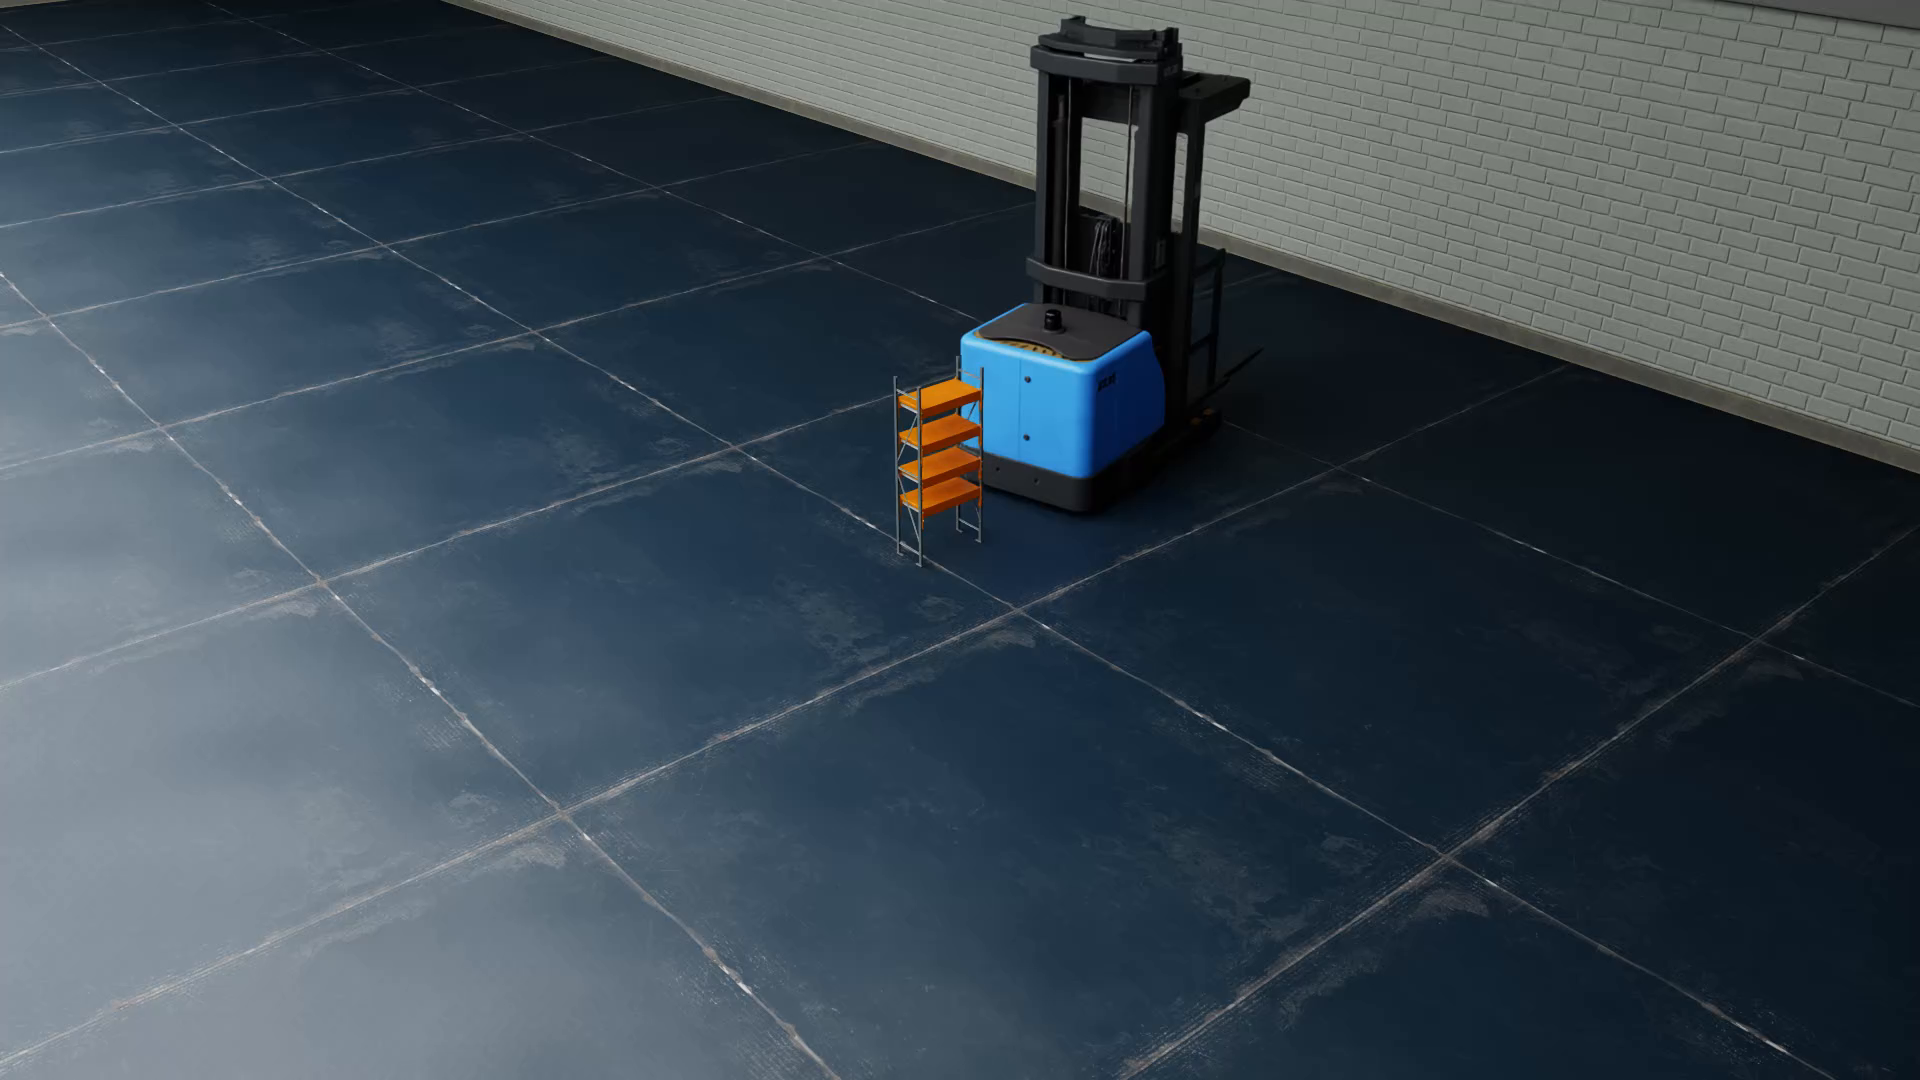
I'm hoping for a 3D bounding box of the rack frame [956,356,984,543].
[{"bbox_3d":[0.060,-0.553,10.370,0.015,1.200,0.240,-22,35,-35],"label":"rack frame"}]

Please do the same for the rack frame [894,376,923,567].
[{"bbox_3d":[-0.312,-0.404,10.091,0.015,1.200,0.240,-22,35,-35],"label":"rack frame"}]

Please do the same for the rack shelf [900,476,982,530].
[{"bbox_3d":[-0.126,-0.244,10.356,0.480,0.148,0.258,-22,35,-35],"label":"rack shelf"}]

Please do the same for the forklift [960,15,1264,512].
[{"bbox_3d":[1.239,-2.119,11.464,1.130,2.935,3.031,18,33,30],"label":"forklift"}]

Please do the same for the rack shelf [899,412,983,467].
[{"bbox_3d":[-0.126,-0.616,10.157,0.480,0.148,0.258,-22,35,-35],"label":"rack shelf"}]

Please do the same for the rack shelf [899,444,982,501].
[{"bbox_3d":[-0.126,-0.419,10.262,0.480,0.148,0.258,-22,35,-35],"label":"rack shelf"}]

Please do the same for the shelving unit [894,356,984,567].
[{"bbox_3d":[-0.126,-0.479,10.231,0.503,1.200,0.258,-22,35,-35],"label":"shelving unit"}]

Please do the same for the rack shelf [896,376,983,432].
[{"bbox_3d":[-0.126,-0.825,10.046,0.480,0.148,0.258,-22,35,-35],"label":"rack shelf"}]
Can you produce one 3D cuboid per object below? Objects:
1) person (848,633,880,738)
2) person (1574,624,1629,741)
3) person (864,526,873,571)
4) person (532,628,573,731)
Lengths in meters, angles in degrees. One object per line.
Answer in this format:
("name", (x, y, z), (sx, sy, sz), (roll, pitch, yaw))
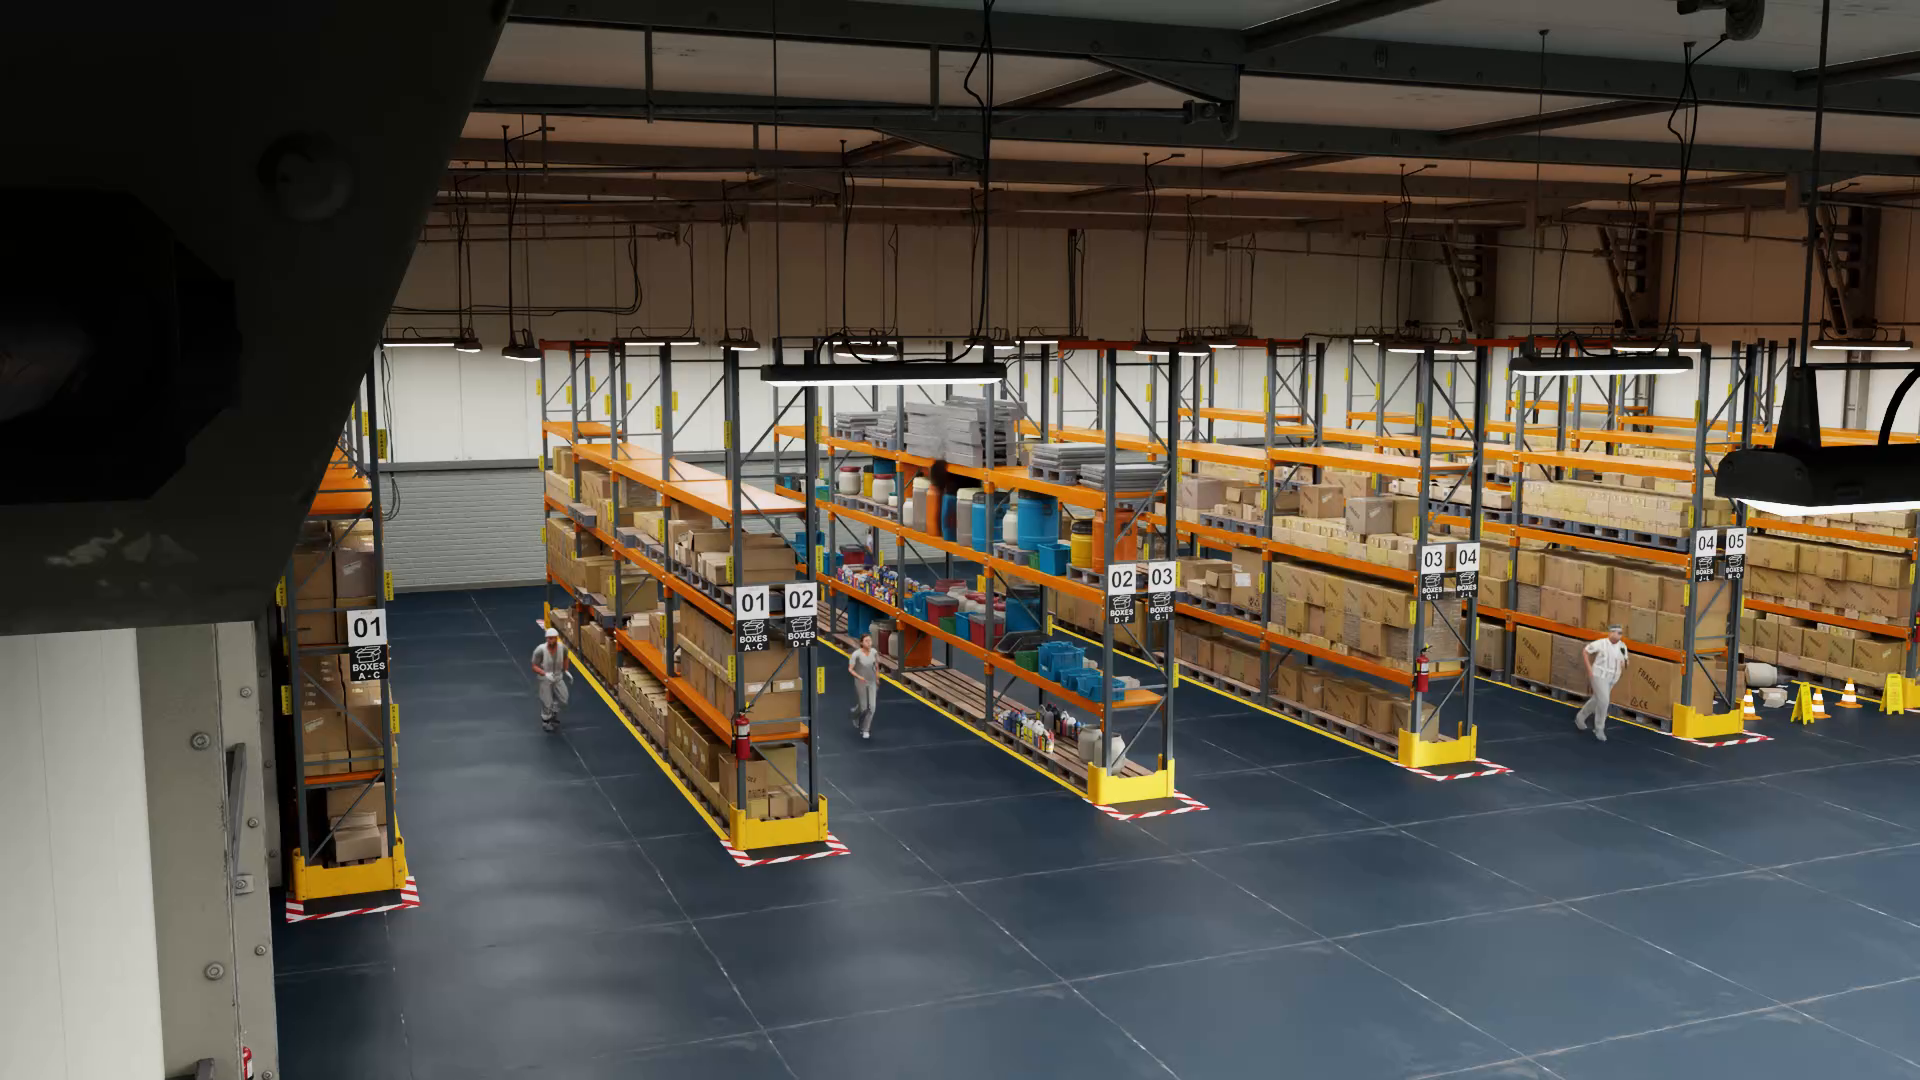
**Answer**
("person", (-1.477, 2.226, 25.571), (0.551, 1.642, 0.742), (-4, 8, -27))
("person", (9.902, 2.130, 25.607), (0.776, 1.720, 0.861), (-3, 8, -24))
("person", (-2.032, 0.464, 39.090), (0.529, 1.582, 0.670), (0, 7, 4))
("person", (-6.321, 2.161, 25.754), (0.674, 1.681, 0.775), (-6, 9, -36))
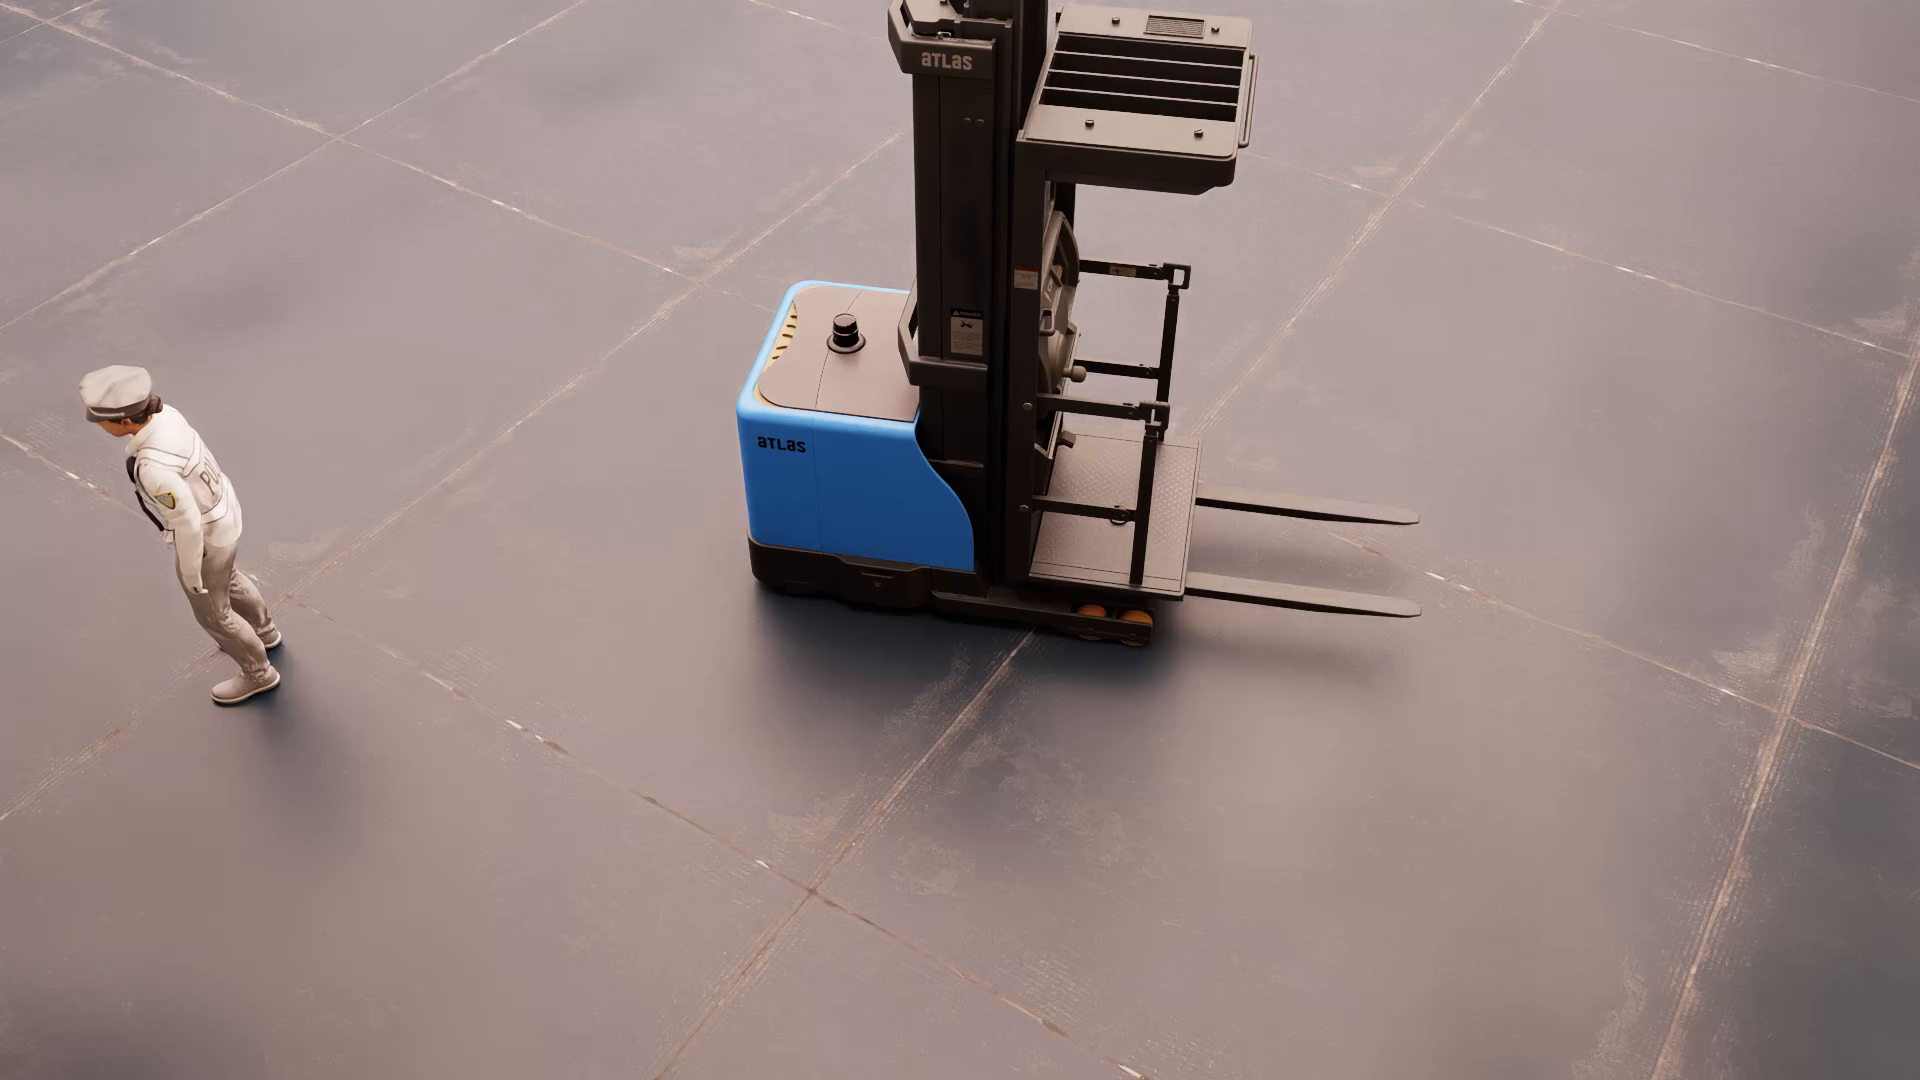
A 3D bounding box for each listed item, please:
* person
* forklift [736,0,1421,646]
---------------
> Task description:
Copy the records above from the first line through the line containing "1) person (848,633,880,738)", both included, and leave out any pictures.

> Response area:
I'm hoping for a 3D bounding box of the rack frame [956,356,984,543].
[{"bbox_3d":[0.060,-0.553,10.370,0.015,1.200,0.240,-22,35,-35],"label":"rack frame"}]

Please do the same for the rack frame [894,376,923,567].
[{"bbox_3d":[-0.312,-0.404,10.091,0.015,1.200,0.240,-22,35,-35],"label":"rack frame"}]

Please do the same for the rack shelf [900,476,982,530].
[{"bbox_3d":[-0.126,-0.244,10.356,0.480,0.148,0.258,-22,35,-35],"label":"rack shelf"}]

Please do the same for the forklift [960,15,1264,512].
[{"bbox_3d":[1.239,-2.119,11.464,1.130,2.935,3.031,18,33,30],"label":"forklift"}]

Please do the same for the rack shelf [899,412,983,467].
[{"bbox_3d":[-0.126,-0.616,10.157,0.480,0.148,0.258,-22,35,-35],"label":"rack shelf"}]

Please do the same for the rack shelf [899,444,982,501].
[{"bbox_3d":[-0.126,-0.419,10.262,0.480,0.148,0.258,-22,35,-35],"label":"rack shelf"}]

Please do the same for the shelving unit [894,356,984,567].
[{"bbox_3d":[-0.126,-0.479,10.231,0.503,1.200,0.258,-22,35,-35],"label":"shelving unit"}]

Please do the same for the rack shelf [896,376,983,432].
[{"bbox_3d":[-0.126,-0.825,10.046,0.480,0.148,0.258,-22,35,-35],"label":"rack shelf"}]
Can you produce one 3D cuboid per object below? Objects:
1) person (848,633,880,738)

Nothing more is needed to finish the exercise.